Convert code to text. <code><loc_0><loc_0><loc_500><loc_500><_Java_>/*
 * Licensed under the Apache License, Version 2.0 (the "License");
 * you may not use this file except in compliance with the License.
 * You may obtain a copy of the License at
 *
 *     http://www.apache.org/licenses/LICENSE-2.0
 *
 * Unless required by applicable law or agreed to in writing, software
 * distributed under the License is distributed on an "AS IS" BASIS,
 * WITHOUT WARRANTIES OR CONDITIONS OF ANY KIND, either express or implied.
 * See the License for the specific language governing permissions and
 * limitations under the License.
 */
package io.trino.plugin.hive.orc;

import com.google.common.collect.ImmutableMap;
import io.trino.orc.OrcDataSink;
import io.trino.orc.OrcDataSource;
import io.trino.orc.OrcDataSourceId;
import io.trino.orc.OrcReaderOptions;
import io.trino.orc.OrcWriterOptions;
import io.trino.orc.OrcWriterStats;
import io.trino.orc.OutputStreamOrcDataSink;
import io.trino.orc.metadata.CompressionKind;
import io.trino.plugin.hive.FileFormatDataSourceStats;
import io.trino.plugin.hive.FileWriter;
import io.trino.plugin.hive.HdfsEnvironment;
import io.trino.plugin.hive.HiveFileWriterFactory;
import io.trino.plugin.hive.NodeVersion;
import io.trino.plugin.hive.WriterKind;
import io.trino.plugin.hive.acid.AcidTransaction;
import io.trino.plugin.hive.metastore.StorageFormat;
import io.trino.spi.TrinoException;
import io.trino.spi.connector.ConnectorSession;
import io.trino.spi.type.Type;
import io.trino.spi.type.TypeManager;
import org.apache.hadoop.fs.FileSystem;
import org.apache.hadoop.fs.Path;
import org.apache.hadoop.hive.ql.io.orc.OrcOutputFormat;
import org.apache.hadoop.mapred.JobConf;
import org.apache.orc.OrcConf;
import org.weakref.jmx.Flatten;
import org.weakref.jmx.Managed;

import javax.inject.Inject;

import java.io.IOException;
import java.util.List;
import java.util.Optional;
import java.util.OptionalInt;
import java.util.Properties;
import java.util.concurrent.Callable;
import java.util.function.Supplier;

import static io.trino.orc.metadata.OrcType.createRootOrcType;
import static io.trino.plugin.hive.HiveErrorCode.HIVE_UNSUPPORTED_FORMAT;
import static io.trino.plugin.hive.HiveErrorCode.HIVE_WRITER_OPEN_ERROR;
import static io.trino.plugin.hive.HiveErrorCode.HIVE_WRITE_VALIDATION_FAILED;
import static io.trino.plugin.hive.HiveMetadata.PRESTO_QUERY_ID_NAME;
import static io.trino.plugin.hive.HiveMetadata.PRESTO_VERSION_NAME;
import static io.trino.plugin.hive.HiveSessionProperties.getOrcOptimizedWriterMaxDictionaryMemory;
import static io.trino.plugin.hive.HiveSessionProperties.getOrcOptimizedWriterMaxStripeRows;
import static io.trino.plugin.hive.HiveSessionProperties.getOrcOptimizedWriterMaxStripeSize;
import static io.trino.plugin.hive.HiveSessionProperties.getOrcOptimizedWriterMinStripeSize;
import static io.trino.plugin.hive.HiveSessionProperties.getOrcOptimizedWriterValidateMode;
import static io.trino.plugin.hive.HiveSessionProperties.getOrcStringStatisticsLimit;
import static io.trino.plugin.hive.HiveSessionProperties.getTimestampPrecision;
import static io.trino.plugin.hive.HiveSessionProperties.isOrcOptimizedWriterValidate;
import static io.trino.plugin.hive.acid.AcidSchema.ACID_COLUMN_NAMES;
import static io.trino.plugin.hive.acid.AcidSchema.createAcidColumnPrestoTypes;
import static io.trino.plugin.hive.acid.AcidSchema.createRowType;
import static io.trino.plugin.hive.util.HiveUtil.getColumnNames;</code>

YOUR ASSIGNMENT: Using the entries above, tally how many lines have the word "acid" in them; write the number and nothing more.

SOLUTION: 4